Exercise: Lines holding the word "degrees" in the material below: count them and write the number alone.

Data:
*** Block opens ***
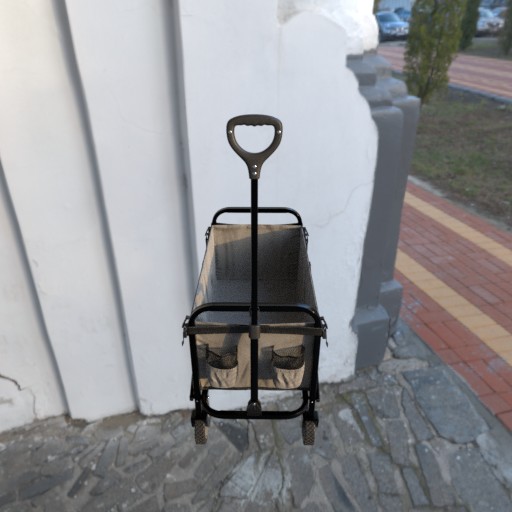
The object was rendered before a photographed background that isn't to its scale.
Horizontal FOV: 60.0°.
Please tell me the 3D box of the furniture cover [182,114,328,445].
[{"bbox_3d":[0.000,0.000,1.844,0.532,1.295,1.038,0,29,1],"label":"furniture cover"}]
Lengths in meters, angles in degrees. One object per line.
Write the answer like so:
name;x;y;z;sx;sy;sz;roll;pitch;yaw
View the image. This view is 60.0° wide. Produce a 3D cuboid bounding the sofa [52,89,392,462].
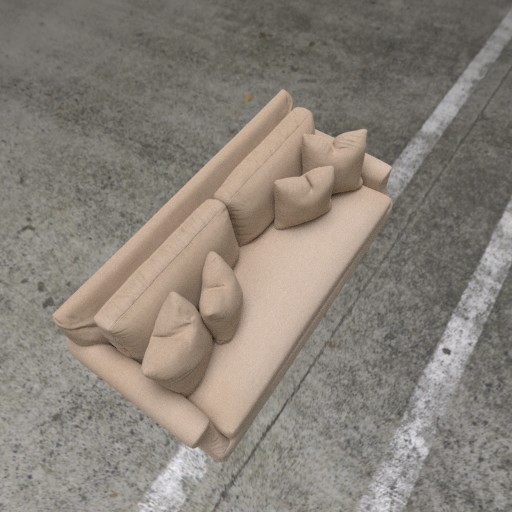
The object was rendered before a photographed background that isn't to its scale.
sofa;0.000;0.000;2.858;1.067;0.904;2.285;30;63;18
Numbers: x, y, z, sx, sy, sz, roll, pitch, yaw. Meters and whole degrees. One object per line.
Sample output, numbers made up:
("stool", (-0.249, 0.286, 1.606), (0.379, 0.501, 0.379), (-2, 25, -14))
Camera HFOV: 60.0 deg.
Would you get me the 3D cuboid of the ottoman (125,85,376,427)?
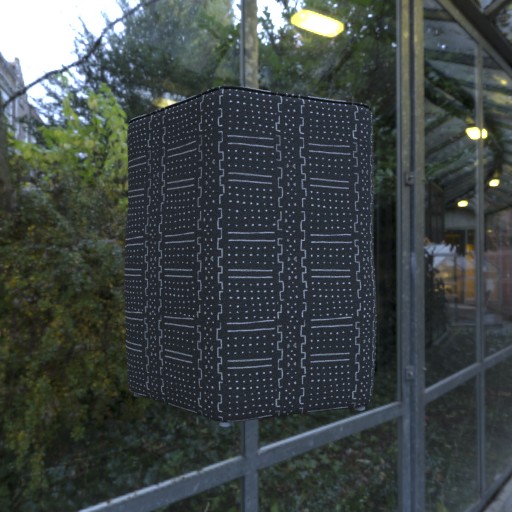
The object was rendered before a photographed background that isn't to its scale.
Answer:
("ottoman", (0.000, 0.000, 0.870), (0.494, 0.502, 0.443), (0, -1, -19))
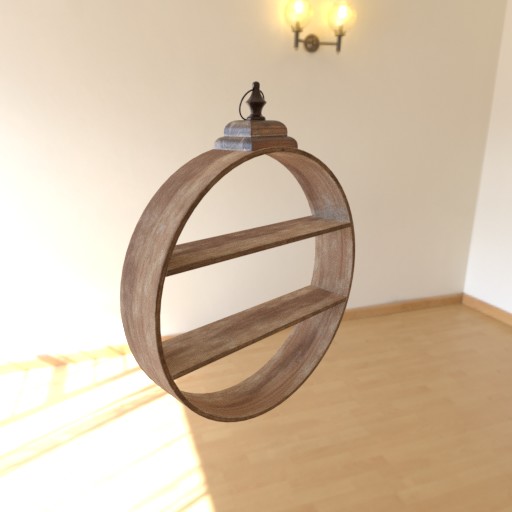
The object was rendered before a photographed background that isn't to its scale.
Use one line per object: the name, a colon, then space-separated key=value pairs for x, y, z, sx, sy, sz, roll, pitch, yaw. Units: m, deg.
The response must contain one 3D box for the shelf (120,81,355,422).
shelf: x=0.000 y=0.000 z=0.986 sx=0.601 sy=0.725 sz=0.125 roll=-16 pitch=23 yaw=-42
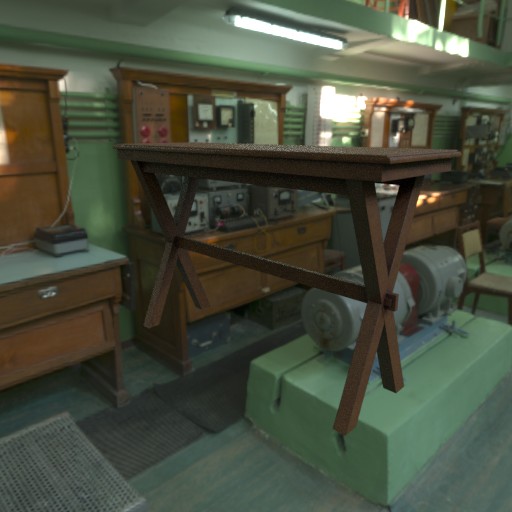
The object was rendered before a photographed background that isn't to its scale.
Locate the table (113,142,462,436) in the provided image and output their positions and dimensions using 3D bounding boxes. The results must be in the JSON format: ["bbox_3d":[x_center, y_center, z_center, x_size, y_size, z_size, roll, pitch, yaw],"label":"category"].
[{"bbox_3d":[0.000,0.000,1.590,1.197,0.763,0.399,15,22,42],"label":"table"}]
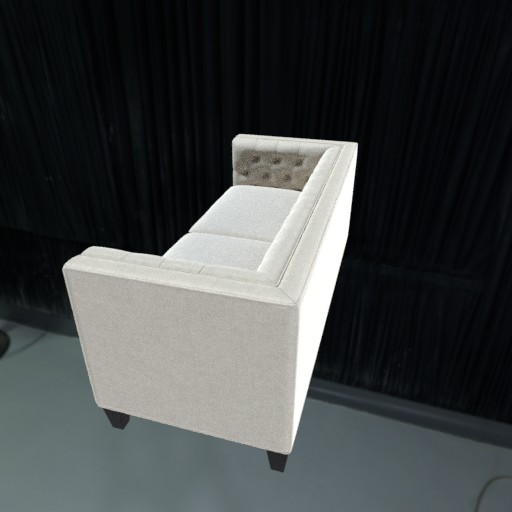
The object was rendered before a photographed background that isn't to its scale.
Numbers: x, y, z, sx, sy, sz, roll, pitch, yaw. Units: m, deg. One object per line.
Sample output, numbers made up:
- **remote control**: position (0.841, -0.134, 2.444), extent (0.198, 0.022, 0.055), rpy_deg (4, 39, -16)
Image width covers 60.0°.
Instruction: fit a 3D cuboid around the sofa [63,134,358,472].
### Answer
- **sofa**: position (0.000, 0.000, 2.232), extent (0.775, 0.762, 1.778), rpy_deg (8, 30, 14)
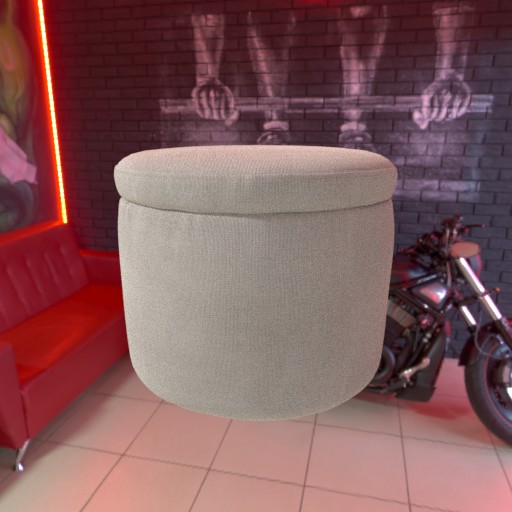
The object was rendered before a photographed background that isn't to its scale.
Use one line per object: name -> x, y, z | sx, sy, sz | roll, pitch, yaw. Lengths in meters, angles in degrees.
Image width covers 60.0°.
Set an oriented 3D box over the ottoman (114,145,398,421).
*** Block closes ***
Output: 3